• _WHAT THE EXERCISE ASKS_:
Transcribe the stretch of entries below from the line with "Where should I" through the line with "on this page", exactly and with both ends included; leave out all other lines.

• _MATERIAL SUPPLIED_:
- - - -

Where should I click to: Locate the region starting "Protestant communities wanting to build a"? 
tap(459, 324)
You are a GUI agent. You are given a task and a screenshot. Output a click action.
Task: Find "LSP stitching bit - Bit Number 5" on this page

- - - -

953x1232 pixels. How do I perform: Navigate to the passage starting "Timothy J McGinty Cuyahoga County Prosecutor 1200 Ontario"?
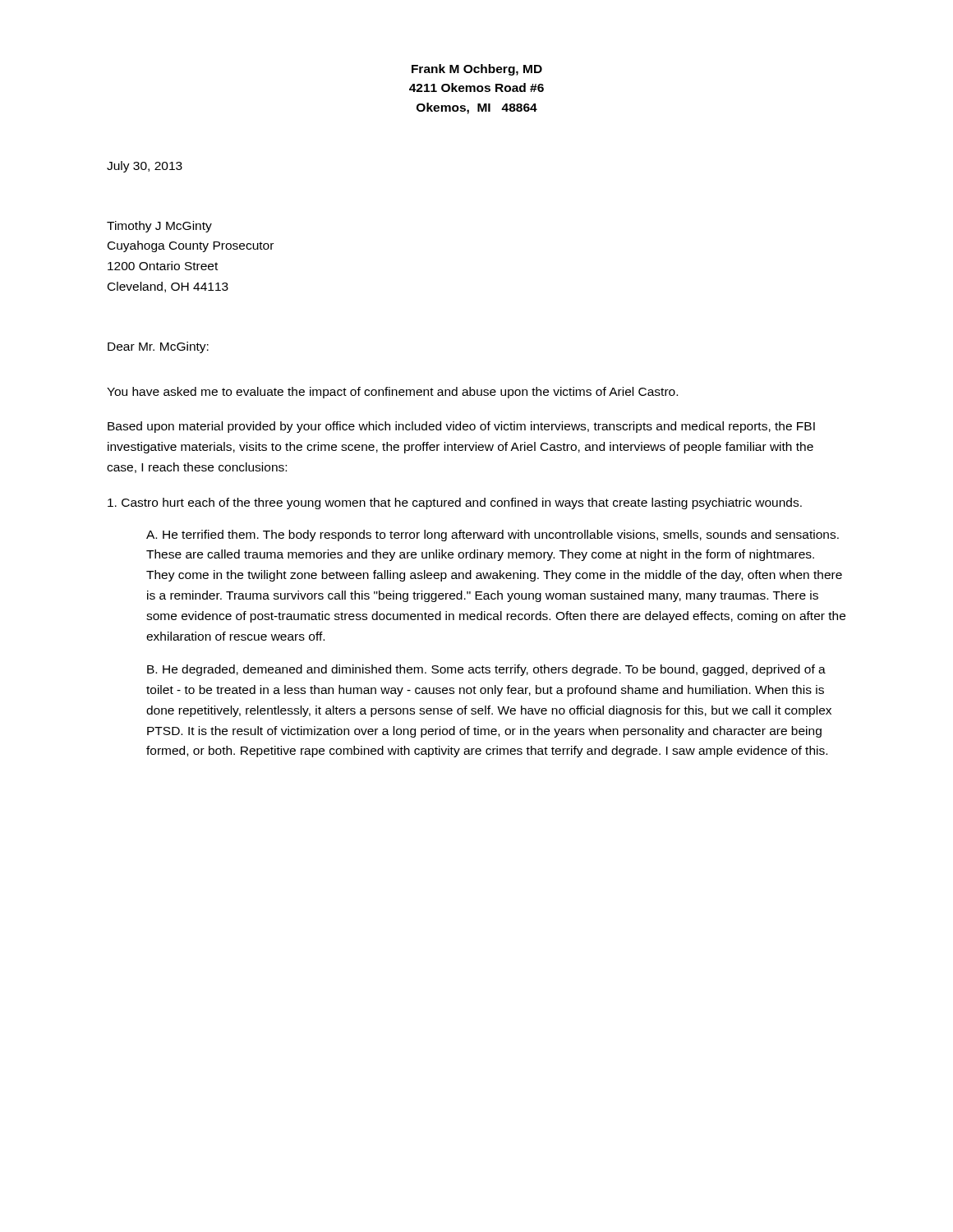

- - - -

• _REPLY_:
Where should I click to: Locate the region starting "Protestant communities wanting to build a"? 
tap(459, 324)
You are a GUI agent. You are given a task and a screenshot. Output a click action.
Task: Find "LSP stitching bit - Bit Number 5" on this page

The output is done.